▶ Work order: Each line from the opening of the records that follow to the line with "4) Add section" needs to be written out exactly. Add nothing.

=== Raw data ===

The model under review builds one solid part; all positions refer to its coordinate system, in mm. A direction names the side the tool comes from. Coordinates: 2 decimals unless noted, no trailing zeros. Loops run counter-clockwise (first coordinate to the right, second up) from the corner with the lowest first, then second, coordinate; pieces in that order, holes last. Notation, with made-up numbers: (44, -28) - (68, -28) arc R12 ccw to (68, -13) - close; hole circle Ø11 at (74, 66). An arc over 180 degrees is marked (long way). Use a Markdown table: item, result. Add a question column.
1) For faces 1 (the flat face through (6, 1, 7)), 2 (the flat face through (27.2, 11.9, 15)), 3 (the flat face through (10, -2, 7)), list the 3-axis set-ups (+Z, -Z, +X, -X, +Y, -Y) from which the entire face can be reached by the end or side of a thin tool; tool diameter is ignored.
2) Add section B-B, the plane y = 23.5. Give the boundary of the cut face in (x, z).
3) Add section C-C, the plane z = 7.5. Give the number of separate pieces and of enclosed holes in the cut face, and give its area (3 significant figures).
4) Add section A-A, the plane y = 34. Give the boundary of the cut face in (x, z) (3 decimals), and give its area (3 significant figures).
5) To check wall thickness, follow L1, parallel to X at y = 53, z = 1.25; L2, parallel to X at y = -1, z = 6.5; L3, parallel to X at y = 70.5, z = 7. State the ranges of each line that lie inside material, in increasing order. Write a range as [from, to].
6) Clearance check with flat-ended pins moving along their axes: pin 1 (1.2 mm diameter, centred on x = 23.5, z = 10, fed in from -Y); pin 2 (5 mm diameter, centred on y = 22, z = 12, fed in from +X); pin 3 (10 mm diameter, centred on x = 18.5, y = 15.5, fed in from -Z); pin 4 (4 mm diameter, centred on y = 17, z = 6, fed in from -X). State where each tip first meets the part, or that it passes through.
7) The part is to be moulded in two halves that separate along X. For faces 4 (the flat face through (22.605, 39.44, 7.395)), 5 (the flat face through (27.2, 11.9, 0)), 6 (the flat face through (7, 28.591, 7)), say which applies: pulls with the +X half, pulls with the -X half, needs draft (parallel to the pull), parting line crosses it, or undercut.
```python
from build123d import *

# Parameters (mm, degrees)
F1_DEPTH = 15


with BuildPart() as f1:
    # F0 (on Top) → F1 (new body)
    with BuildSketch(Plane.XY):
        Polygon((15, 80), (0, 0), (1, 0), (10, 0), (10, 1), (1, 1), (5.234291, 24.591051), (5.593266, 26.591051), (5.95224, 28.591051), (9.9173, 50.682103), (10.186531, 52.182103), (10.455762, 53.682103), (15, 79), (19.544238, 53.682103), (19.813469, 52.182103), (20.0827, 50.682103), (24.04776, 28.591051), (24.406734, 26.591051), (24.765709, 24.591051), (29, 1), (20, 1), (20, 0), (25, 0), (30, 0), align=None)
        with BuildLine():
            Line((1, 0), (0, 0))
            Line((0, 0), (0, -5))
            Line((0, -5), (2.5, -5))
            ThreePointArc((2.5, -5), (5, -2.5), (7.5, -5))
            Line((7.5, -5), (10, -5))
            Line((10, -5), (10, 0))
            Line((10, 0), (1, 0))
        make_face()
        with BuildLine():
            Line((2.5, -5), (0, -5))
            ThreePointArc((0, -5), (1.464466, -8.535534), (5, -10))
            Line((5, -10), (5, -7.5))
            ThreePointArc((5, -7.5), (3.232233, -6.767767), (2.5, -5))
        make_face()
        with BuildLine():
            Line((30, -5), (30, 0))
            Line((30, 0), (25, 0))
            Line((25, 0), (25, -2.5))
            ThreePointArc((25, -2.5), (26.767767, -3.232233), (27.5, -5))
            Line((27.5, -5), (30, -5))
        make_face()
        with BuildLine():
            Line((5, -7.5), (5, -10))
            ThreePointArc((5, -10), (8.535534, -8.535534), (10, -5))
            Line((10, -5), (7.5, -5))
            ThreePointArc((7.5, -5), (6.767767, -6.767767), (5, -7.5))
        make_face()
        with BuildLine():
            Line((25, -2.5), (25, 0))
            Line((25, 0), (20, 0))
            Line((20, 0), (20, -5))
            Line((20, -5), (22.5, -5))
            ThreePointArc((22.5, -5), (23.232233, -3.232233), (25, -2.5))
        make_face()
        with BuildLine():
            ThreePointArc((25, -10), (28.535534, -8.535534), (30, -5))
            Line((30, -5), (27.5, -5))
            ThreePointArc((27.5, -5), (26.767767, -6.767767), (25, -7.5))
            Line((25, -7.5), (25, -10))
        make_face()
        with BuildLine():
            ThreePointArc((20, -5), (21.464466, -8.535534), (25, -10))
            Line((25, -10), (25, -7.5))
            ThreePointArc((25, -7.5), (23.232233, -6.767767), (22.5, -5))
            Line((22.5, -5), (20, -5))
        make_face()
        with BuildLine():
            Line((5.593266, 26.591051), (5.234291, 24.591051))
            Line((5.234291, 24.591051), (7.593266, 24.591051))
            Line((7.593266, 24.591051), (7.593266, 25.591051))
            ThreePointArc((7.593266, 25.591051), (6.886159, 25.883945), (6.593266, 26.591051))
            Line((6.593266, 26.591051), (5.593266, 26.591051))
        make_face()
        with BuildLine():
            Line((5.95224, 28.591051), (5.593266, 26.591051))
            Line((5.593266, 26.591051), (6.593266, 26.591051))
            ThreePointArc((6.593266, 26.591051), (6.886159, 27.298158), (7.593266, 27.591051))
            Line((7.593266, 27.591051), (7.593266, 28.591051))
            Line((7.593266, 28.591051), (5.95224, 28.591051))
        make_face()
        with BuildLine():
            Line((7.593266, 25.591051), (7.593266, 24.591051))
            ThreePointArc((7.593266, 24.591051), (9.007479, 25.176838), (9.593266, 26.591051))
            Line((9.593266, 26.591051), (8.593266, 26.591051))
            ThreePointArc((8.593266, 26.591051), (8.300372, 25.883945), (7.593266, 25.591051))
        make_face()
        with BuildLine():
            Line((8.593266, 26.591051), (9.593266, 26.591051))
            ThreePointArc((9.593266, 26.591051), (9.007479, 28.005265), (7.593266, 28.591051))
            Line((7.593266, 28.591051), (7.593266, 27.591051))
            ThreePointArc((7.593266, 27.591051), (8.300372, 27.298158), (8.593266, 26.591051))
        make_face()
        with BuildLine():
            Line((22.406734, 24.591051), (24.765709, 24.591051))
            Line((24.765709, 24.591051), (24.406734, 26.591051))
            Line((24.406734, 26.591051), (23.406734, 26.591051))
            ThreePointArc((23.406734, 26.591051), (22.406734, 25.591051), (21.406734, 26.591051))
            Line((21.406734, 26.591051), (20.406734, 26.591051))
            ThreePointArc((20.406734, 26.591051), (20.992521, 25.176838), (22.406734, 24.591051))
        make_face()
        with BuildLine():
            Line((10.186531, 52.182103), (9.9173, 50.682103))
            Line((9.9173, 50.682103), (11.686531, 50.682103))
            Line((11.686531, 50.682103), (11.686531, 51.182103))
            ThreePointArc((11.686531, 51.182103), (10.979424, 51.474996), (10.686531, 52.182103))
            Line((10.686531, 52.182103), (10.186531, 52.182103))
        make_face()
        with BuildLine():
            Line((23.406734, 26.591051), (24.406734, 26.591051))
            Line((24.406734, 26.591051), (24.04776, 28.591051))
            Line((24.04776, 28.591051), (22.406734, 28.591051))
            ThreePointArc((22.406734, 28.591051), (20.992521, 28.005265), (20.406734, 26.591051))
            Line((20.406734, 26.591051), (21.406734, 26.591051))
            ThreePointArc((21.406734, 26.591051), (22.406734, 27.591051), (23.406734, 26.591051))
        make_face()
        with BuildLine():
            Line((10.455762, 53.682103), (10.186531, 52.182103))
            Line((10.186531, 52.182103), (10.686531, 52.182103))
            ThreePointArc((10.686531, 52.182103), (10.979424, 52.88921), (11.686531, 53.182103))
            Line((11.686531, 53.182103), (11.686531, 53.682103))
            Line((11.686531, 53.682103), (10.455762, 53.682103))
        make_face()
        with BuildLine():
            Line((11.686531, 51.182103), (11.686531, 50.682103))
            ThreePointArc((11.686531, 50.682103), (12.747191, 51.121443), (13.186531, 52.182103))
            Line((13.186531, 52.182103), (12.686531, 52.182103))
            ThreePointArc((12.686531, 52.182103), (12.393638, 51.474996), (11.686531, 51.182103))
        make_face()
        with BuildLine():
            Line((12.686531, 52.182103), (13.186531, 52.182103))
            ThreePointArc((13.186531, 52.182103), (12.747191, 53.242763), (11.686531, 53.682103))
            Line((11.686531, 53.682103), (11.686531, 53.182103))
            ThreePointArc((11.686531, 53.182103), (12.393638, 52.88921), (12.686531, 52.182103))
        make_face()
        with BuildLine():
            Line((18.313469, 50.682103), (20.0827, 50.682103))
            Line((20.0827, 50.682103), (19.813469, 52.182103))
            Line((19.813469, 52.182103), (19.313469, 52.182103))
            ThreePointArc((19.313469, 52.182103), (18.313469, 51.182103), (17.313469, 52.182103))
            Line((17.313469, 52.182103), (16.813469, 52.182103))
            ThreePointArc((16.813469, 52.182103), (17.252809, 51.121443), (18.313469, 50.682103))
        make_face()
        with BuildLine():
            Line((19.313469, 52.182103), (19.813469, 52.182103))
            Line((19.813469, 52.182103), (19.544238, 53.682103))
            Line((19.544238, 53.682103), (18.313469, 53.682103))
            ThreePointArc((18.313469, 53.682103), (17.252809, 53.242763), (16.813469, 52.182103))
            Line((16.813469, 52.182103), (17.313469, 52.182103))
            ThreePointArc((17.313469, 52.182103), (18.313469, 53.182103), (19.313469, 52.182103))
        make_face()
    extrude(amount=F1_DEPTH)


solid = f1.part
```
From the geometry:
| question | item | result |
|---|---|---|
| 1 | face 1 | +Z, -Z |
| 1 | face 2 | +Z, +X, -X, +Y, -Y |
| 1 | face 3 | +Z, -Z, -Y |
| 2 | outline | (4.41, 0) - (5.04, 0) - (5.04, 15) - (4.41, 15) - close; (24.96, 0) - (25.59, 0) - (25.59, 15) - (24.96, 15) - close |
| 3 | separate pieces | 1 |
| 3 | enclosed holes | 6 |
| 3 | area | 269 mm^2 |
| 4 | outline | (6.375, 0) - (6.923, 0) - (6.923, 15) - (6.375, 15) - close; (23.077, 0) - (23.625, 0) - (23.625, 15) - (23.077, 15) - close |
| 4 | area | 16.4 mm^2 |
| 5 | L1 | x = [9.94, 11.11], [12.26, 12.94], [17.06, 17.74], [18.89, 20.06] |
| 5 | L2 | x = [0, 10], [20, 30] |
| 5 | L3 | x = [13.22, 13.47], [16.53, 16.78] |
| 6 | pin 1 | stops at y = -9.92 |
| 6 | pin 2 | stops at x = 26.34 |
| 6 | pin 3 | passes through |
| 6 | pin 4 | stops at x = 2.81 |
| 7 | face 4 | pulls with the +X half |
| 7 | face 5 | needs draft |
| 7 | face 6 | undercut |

===

▶ Expected answer:
The model under review builds one solid part; all positions refer to its coordinate system, in mm. A direction names the side the tool comes from. Coordinates: 2 decimals unless noted, no trailing zeros. Loops run counter-clockwise (first coordinate to the right, second up) from the corner with the lowest first, then second, coordinate; pieces in that order, holes last. Notation, with made-up numbers: (44, -28) - (68, -28) arc R12 ccw to (68, -13) - close; hole circle Ø11 at (74, 66). An arc over 180 degrees is marked (long way). Use a Markdown table: item, result. Add a question column.
1) For faces 1 (the flat face through (6, 1, 7)), 2 (the flat face through (27.2, 11.9, 15)), 3 (the flat face through (10, -2, 7)), list the 3-axis set-ups (+Z, -Z, +X, -X, +Y, -Y) from which the entire face can be reached by the end or side of a thin tool; tool diameter is ignored.
2) Add section B-B, the plane y = 23.5. Give the boundary of the cut face in (x, z).
3) Add section C-C, the plane z = 7.5. Give the number of separate pieces and of enclosed holes in the cut face, and give its area (3 significant figures).
4) Add section A-A, the plane y = 34. Give the boundary of the cut face in (x, z) (3 decimals), and give its area (3 significant figures).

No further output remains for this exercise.